İngiltere'de Göç Politikasına Sert Düzenleme: 30 Ayda Sınır Dışı

İngiltere, sığınmacıların kalıcı oturum süresini 5 yıldan 20 yıla çıkarıyor; otomatik maddi yardım sona erecek. Yeni göç paketi, İşçi Partisi'nin anket düşüşünü durdurma hamlesi olarak sunuluyor.

Eklenme Tarihi: 16 Kas 2025
2 dk okuma süresi
Güncelleme Tarihi: 16 Kas 2025
İngiltere'de Göç Politikasına Sert Düzenleme: 30 Ayda Sınır Dışı

İngiltere Göç Politikalarını Sertleştiriyor: 30 Ayda Sona Eren Mülteci Statüsü

İngiltere'de iktidardaki İşçi Partisi hükümeti, göç politikalarında radikal bir değişiklik yapacağını duyurdu. Yeni düzenlemeye göre mülteci statüsü artık beş yıl değil, yalnızca 30 ay sürecek. Sığınmacılar köken ülkeleri güvenli ilan edildiğinde geri gönderilecek. Oturum izni için gereken süre 20 yıla çıkacak. Bu karar, ülkede rekor sayıda sığınma başvurusu yapıldığı bir dönemde alındı.

İçişleri Bakanı: Sistem Artık Altın Bilet Değil

İçişleri Bakanı Shabana Mahmood, mevcut sistemin sığınmacılar için "altın bilet" gibi işlediğini söyledi. Yeni planın amacı, İngiltere'yi mülteciler için daha az cazip hale getirmek. Yardımlar otomatik olarak verilmeyecek. Katı kurallar uygulanacak ve daha az kişiye destek sağlanacak. Bu değişiklikler yalnızca yeni başvuru sahiplerini etkileyecek. Ülkede bulunan mevcut sığınmacılar için bir değişiklik olmayacak.

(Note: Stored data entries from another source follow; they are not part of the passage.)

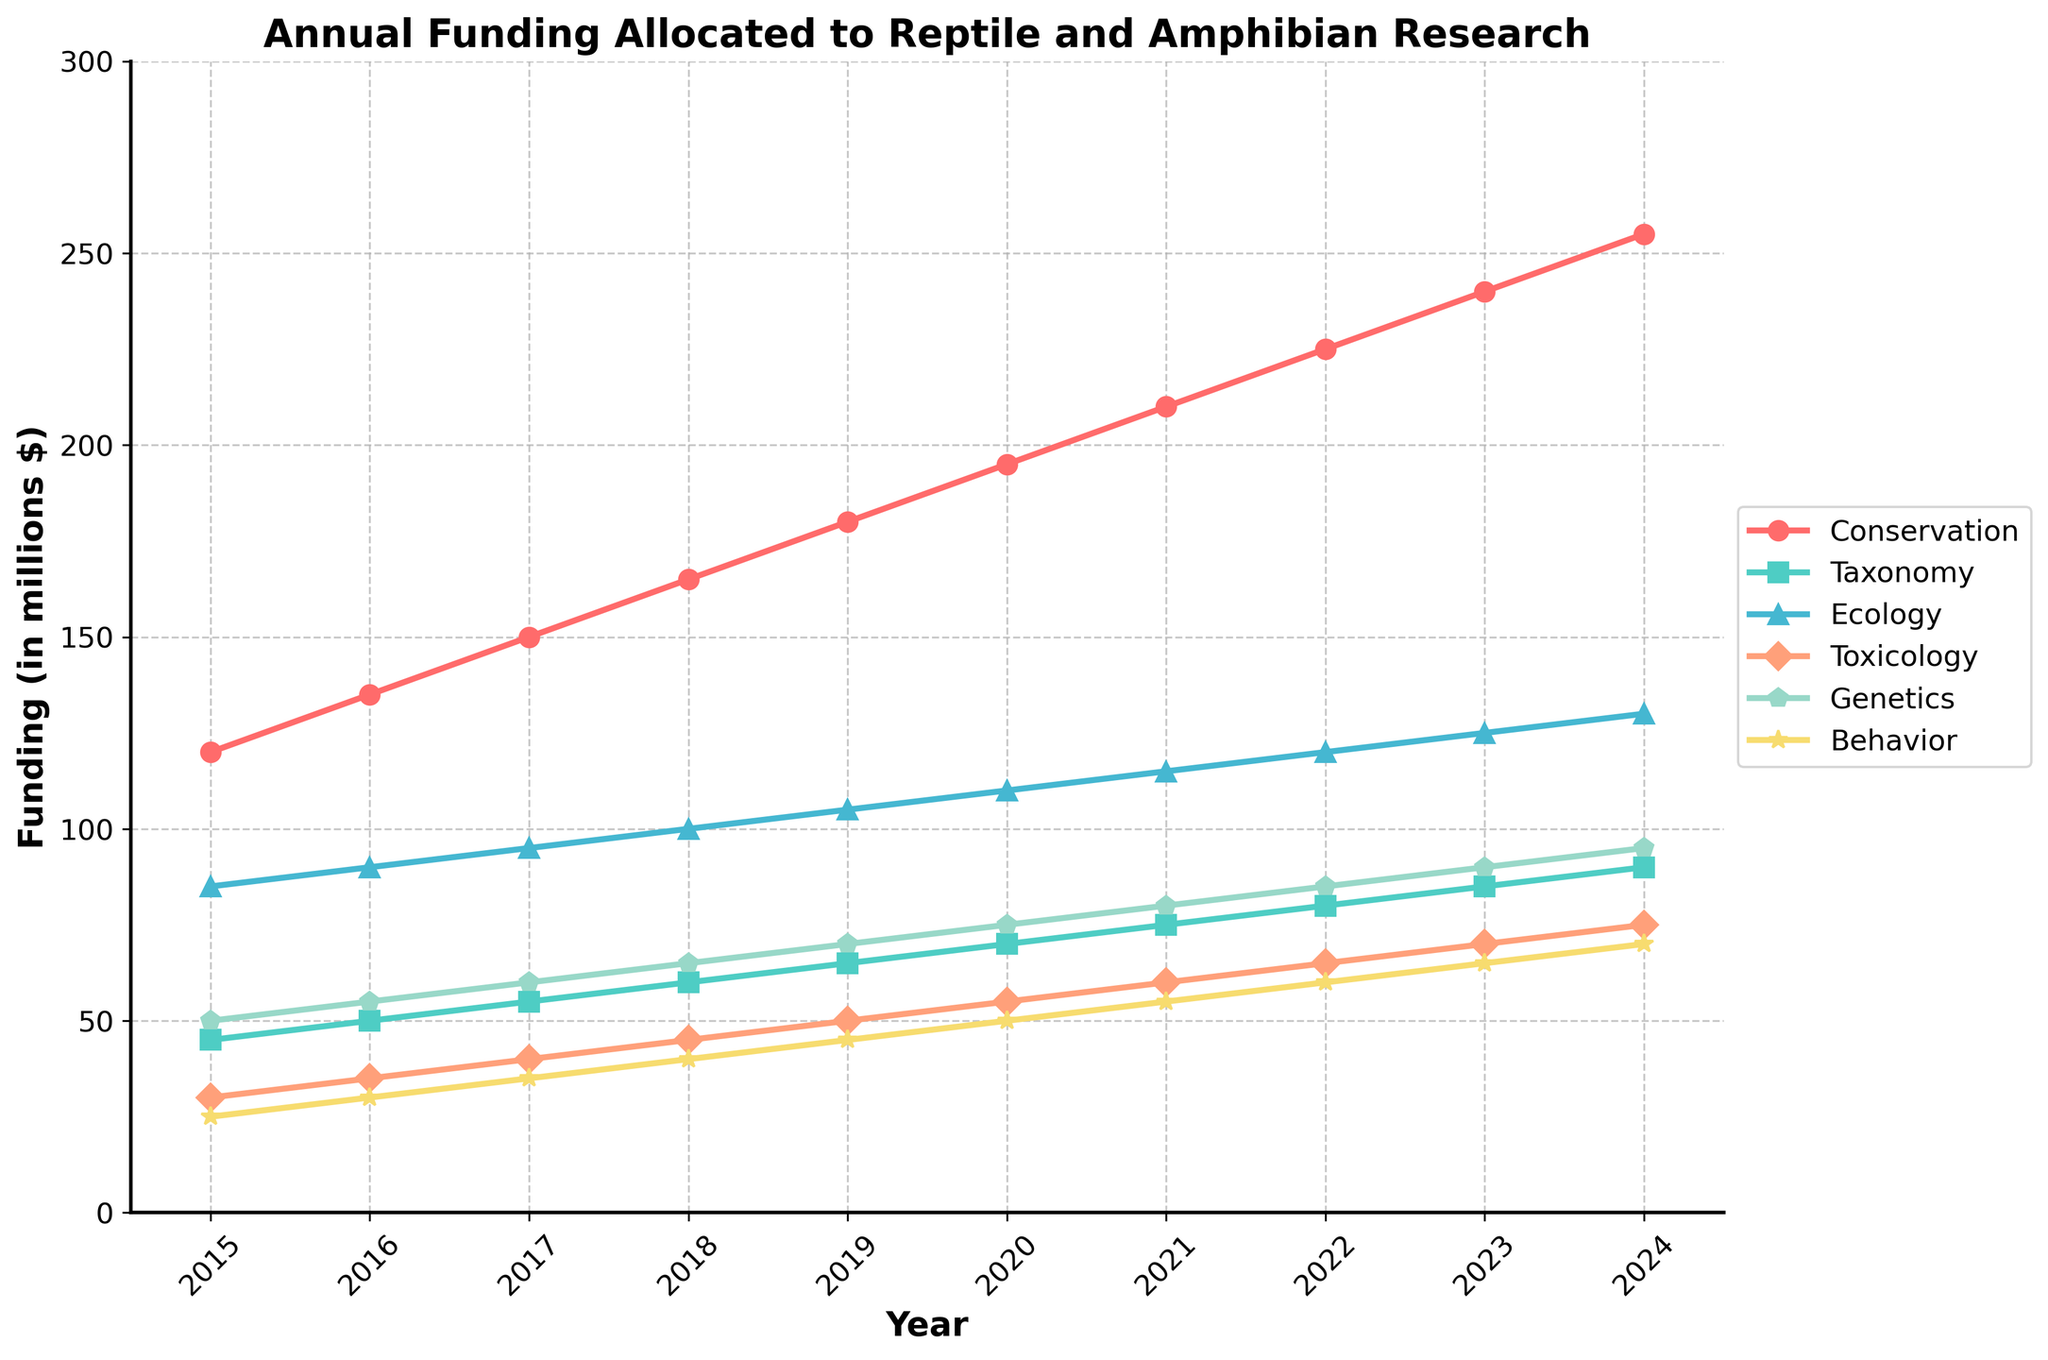What's the total funding allocated for Conservation and Ecology in 2017? First, identify the funding for Conservation and Ecology in 2017. Conservation funding is 150 and Ecology funding is 95. Summing these values gives 150 + 95 = 245.
Answer: 245 Which research focus received the highest funding in 2023? Assess the funding values for all research focuses in 2023. The highest value is for Conservation at 240.
Answer: Conservation Between which years did the funding for Genetics increase the most? Identify the year-to-year increases for Genetics. The largest increase is between 2023 (90) and 2024 (95), which is an increase of 5.
Answer: 2023-2024 What’s the average annual funding for Toxicology from 2015 to 2024? Sum the yearly funding for Toxicology and divide by the number of years: (30 + 35 + 40 + 45 + 50 + 55 + 60 + 65 + 70 + 75) / 10 = 52.5.
Answer: 52.5 In which year did Taxonomy and Behavior funding levels equal each other? Compare the funding data for each year. In 2018, Taxonomy and Behavior both have a funding of 60.
Answer: 2018 How much more funding did Conservation receive in 2024 compared to 2015? Subtract the Conservation funding in 2015 from that in 2024. Funding is 255 in 2024 and 120 in 2015. The difference is 255 - 120 = 135.
Answer: 135 Which focus saw the smallest increase in funding from 2015 to 2024? Calculate the increase for each focus from 2015 to 2024. Conservation (135), Taxonomy (45), Ecology (45), Toxicology (45), Genetics (45), Behavior (45). The smallest increase is for all except Conservation, which increased by 45.
Answer: Taxonomy, Ecology, Toxicology, Genetics, Behavior What’s the funding trend for Ecology over the years 2015 to 2024? Observe the trend line for Ecology. The funding increased steadily from 85 in 2015 to 130 in 2024.
Answer: Increasing steadily 
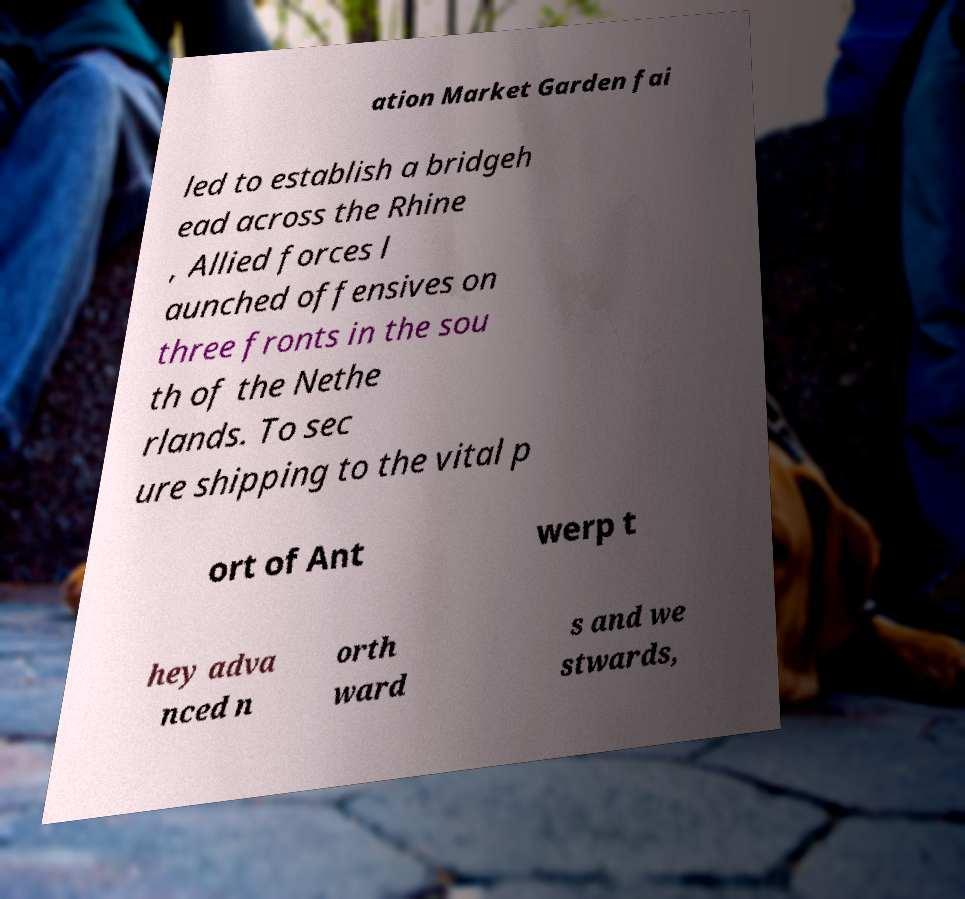Please identify and transcribe the text found in this image. ation Market Garden fai led to establish a bridgeh ead across the Rhine , Allied forces l aunched offensives on three fronts in the sou th of the Nethe rlands. To sec ure shipping to the vital p ort of Ant werp t hey adva nced n orth ward s and we stwards,

Reform UK'nin Yükselişi Hükümeti Baskıladı

Bu sert politikalar, Nigel Farage liderliğindeki Reform UK partisinin anketlerde yükseldiği bir dönemde açıklandı. Başbakan Keir Starmer, İşçi Partisi'nin oylarını geri kazanmak için bu adımı attı. Ülkedeki bir sonraki genel seçim 2029 yılında yapılacak. Ancak bu yeni politika, parti içinde de tartışmalara neden oldu. Sol kanattan bazı milletvekilleri, hükümetin sağa kaydığını savunuyor.

Danimarka Modeli Örnek Alındı

Yeni tasarı, Danimarka'daki uygulamalar temel alınarak hazırlandı. Parlamentoya sunulması beklenen bu plan, İngiltere'nin göç sistemini kökten değiştiriyor. Geçtiğimiz yıl 111 bin kişi İngiltere'ye sığınma başvurusunda bulundu. Bu sayı, ülke tarihindeki en yüksek rakam oldu. Hükümet, bu sayının düşürülmesini hedefliyor. Ancak bu hedef, insan hakları örgütleri tarafından eleştiriyle karşılandı.